At the same time, Hultquist cautioned, there’s no need to panic. “This kind of probing of critical infrastructure actually happens fairly regularly, and it does not mean an incident is imminent — or ever going to happen, in fact,” he said. “We have seen China do this … before. It doesn’t mean they’re planning the attack, so much so much as preparing for one.”
CSIS’s Lewis was still more sanguine. “This kind of thing happens frequently, and it’s never been an indication of imminent attack,” he told Breaking Defense in an email. “It’s not ‘a new wave of Chinese threat groups’” — as a SecureWorks analysis put it — “but the same Chinese who have been in the business for years.”
Lewis feels this particular threat is overhyped. “I think the story is more about why Microsoft decided to put out a press release. It’s cybersecurity as performance art,” he said. “It’s definitely more in the realm of PR than military analysis.
“This was known to government agencies for some time, and that China would be targeting Guam is not surprising,” he continued. “It’s not a nothingburger … Serious, yes. Imminent, no. Novel, also no. The Chinese target us and have for years.
“The real question is whether there is anything we can do back other than improve defenses. I suspect not, since it’s a two-way street,” he said, with both countries hacking each other. “The US could make a fuss, like with the balloon, but I think both sides want to lower the temperature.”
Increased Tensions, New Techniques
Tensions between the two superpowers have certainly been rising over time, with recent close calls in the air and at sea. Less obviously, Chinese cyber skills have been getting steadily sharper — and subtler.
When it comes to Volt Typhoon, Mandiant’s Hultquist said, “a lot of the techniques these guys are employing are things we are seeing increasingly from Chinese actors that have really upped their game [just in] the last two, three years.”
In particular, Volt Typhoon employed a technique known as “living off the land” that takes more time and effort for the hacker but is also much harder to detect. Instead of gaining access to a target network and swiftly uploading malware, such as dedicated hacking tools, to make it easier to steal data or sabotage operations, Volt Typhoon lurked on the network, using only the existing software tools already installed by the legitimate users.
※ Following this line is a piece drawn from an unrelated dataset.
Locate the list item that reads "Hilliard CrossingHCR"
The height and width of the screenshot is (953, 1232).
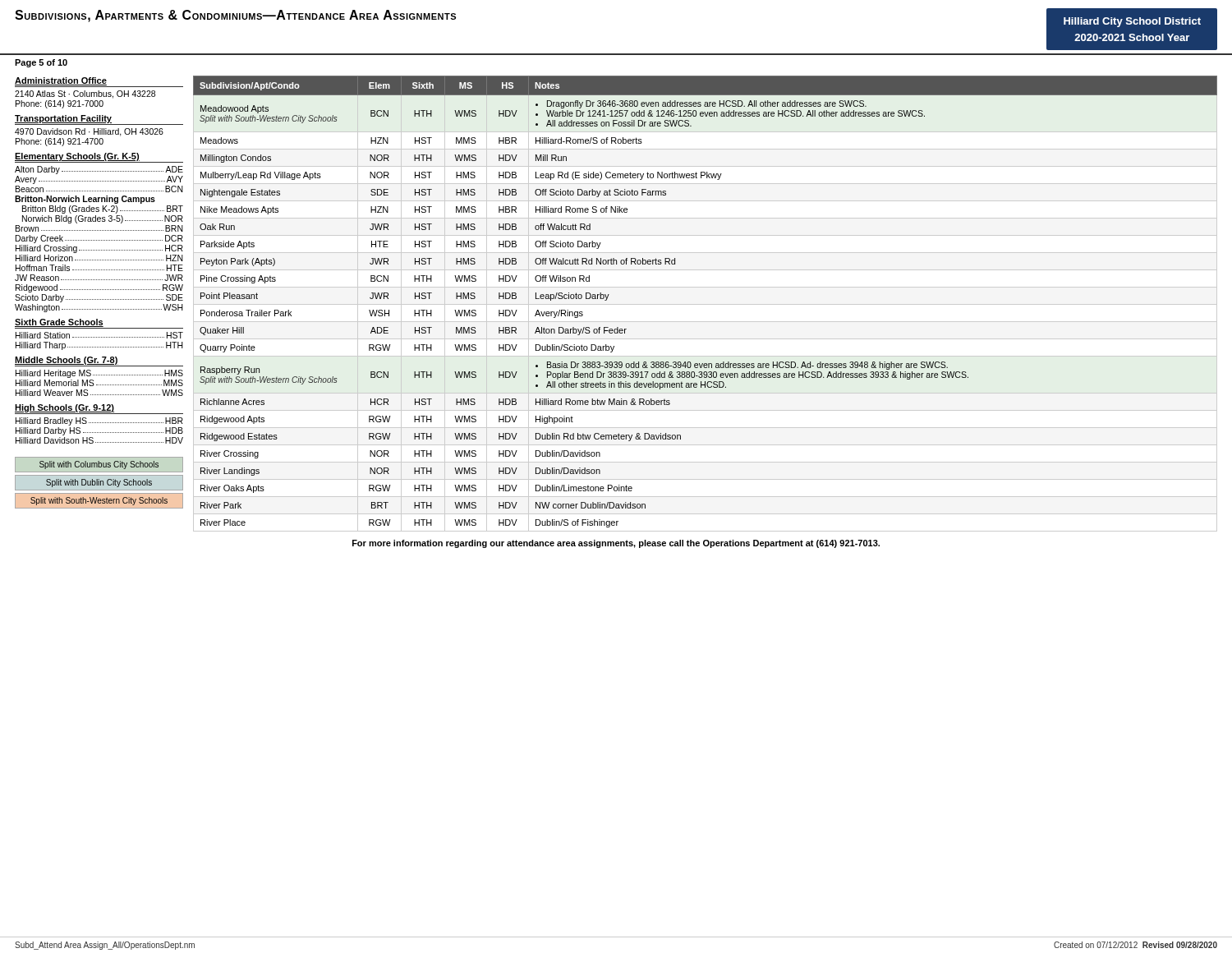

“They’re using these tools that are already built in to propagate across the network, without having to deploy anything that could either identify them or potentially trip a detection or identify them as a specific threat actor,” Hultquist explained.
“By avoiding custom malware in these operations, the intruders are able to keep their signature down and increase their ability to evade detection,” agreed NSA’s Joyce. “The goal here is a quiet, long-lasting intrusion that allows these perpetrators to maintain access over the long term.”
“The PRC works to gain unauthorized access to systems and wait for the best time to exploit these networks. This attack is no different,” he said. ”The actors quietly gained access and used specific tactics, techniques and procedures to evade detection, blending in with normal network and system activities. Both industry and government analysts that work on PRC intrusions recognize PRC tradecraft improvements over time. This is the primary reason we continue to issue public periodic Cybersecurity Advisories, as well as work daily with industry to empower them with NSA SIGINT insights from our foreign intelligence mission.”
“We issued this guidance to help the owners and operators of some of this critical infrastructure detect and evict these actors,” he continued. “We have worked with more than a dozen companies, FBI, CISA, and our Five Eyes partners to come together to chase and eradicate this treat. In doing so, we have motivated and empowered governments to take more action against this activity across a number of different countries.”